WHAT TO WORK ON:
Throughout the entries below, report every line where "frac" is found.

====

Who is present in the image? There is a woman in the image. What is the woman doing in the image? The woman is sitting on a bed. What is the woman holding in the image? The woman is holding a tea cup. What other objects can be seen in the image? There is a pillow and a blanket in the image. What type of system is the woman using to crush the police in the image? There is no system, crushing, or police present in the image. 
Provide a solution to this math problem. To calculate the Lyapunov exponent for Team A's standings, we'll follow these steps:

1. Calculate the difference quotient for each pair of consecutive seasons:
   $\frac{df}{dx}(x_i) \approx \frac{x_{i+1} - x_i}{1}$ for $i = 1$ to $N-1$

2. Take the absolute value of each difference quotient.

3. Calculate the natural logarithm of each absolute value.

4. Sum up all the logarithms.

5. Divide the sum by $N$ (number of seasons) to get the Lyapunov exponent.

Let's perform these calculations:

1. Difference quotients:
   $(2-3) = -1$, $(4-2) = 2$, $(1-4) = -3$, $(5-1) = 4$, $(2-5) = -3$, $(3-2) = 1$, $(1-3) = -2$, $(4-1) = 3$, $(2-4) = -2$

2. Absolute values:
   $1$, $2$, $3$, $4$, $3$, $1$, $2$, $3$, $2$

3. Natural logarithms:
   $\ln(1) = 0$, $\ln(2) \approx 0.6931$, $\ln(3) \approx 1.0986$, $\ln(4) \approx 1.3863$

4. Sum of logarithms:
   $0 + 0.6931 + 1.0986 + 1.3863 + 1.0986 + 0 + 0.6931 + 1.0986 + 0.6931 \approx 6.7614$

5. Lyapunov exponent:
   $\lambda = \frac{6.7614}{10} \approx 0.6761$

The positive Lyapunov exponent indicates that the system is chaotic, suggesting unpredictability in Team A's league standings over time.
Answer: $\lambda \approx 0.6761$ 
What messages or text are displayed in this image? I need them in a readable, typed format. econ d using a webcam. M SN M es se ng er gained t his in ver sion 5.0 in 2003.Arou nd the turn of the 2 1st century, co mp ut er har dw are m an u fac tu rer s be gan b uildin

====

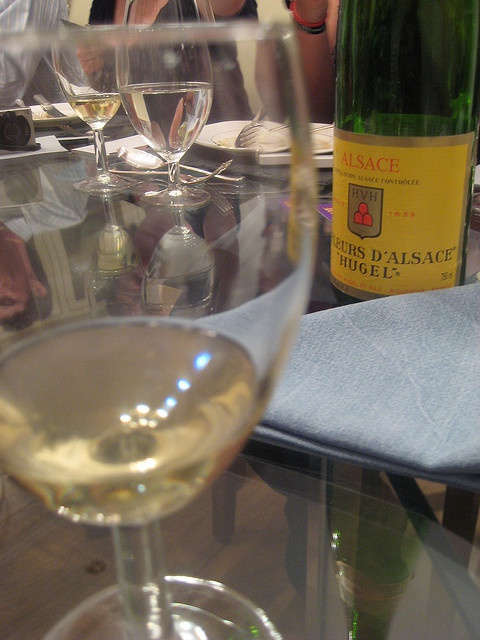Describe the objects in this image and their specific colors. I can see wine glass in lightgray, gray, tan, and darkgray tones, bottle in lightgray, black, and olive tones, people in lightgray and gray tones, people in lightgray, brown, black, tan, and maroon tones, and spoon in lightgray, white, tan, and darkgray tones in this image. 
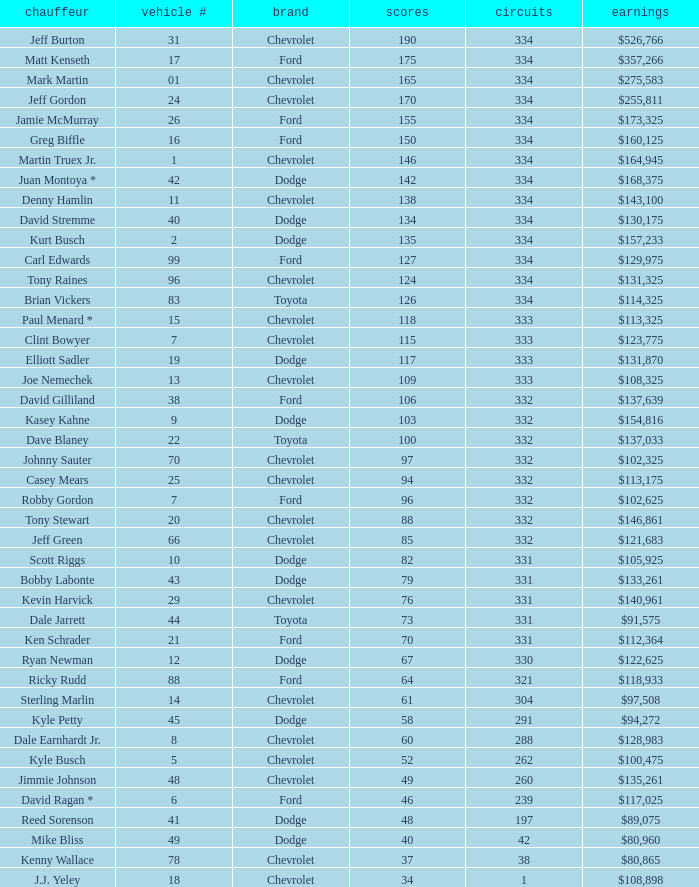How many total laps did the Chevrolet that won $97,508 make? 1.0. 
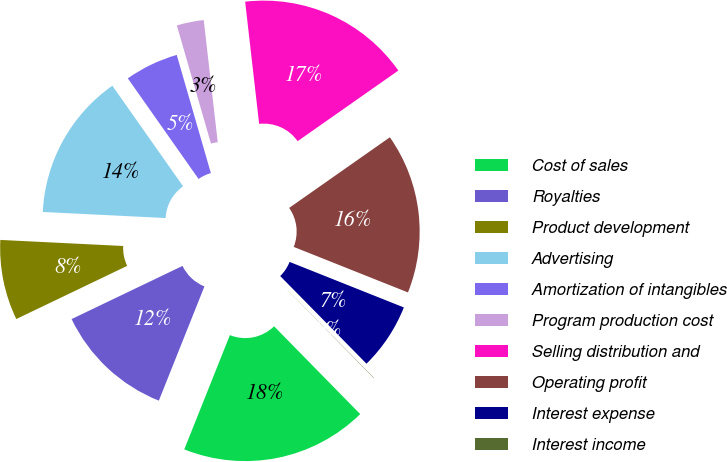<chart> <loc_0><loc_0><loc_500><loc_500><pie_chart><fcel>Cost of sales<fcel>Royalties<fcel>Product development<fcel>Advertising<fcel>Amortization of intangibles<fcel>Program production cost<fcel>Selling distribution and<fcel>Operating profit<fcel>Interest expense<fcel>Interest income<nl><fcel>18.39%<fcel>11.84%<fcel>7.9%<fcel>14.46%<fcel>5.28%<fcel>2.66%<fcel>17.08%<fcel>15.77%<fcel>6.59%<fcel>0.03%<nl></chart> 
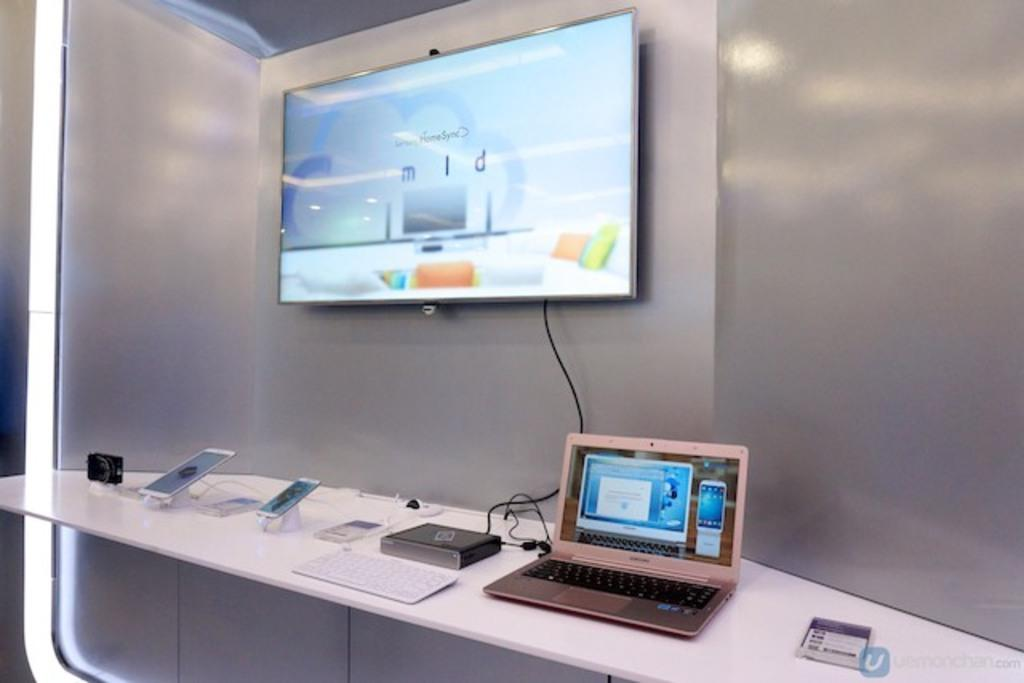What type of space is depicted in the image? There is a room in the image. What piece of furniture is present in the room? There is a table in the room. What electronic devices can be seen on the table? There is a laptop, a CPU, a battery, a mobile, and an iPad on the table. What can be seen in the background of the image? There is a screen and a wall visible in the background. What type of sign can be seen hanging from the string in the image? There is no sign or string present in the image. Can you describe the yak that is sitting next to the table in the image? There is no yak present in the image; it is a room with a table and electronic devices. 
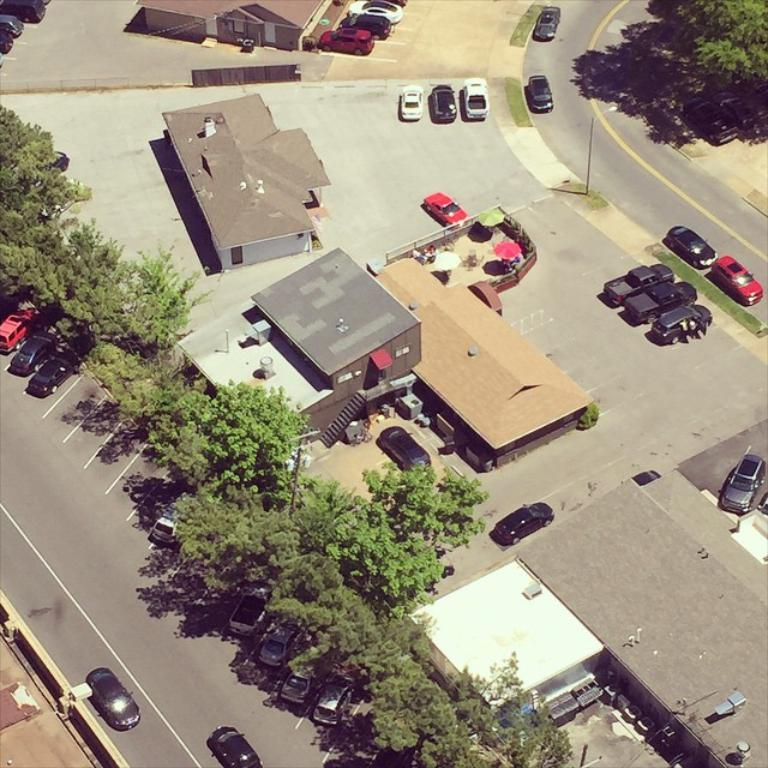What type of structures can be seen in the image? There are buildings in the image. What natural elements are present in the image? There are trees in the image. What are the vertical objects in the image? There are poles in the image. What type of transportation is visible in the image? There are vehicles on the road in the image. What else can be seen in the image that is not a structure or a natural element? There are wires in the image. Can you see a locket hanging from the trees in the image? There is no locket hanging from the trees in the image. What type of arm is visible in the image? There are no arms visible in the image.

====

OUTPUT OF THE EXERCISE:
   $\frac{df}{dx}(x_i) \approx \frac{x_{i+1} - x_i}{1}$ for $i = 1$ to $N-1$
   $\lambda = \frac{6.7614}{10} \approx 0.6761$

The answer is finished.